== EXERCISE OBJECTIVE ==
Report every line from the material that contains the word "width".

=====

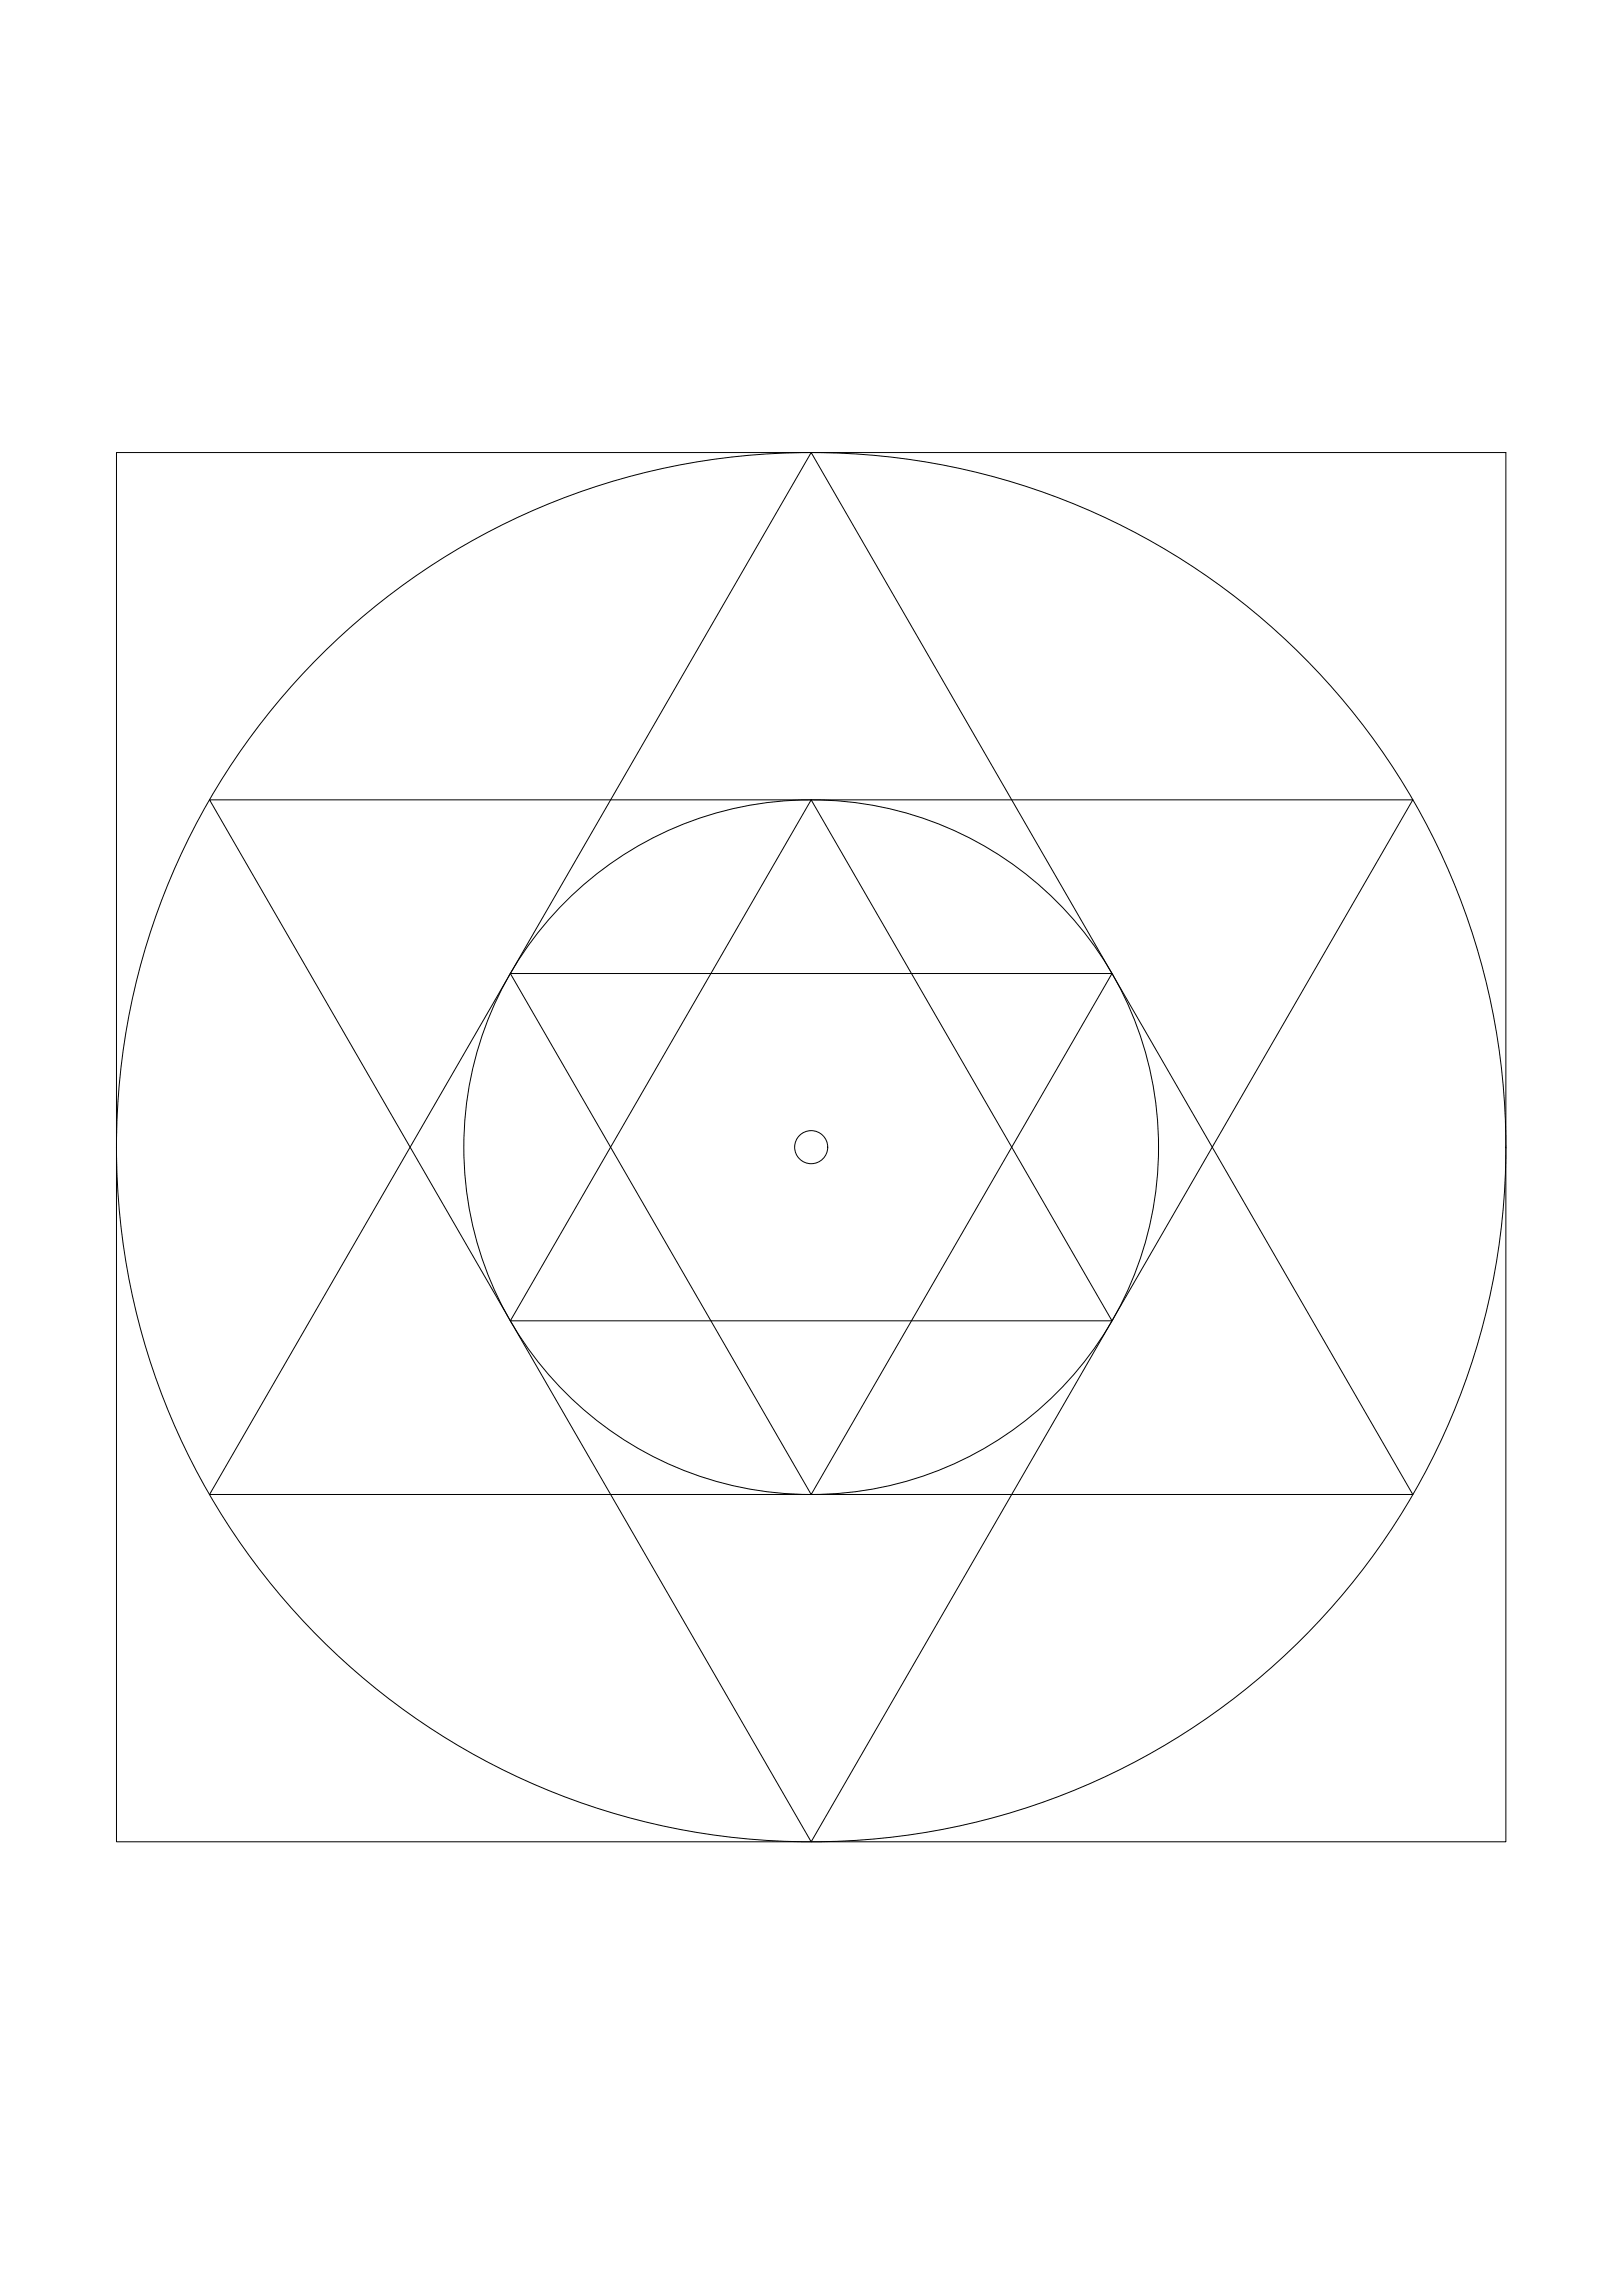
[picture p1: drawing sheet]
<svg xmlns="http://www.w3.org/2000/svg" width="841mm" height="1189mm" viewBox="0 0 841 1189" stroke-linecap="round" stroke-linejoin="round" font-family="sans-serif">
<!-- layer: 0 -->
<g fill="none" stroke="#000" stroke-width=".52">
<path d="M6 76h.1M835 76h.1M60 235h720v720h-720zM420 235l312 540h-623zM109 415h623l-312 540zM420 415l156 270h-312zM264 505h312l-156 270zM6 1113h.1M835 1113h.1"/>
<circle cx="420" cy="595" r="360"/>
<circle cx="420" cy="595" r="180"/>
<circle cx="420" cy="595" r="9"/>
</g>
</svg>

=====

== COMPLETED TASK ==
<svg xmlns="http://www.w3.org/2000/svg" width="841mm" height="1189mm" viewBox="0 0 841 1189" stroke-linecap="round" stroke-linejoin="round" font-family="sans-serif">
<g fill="none" stroke="#000" stroke-width=".52">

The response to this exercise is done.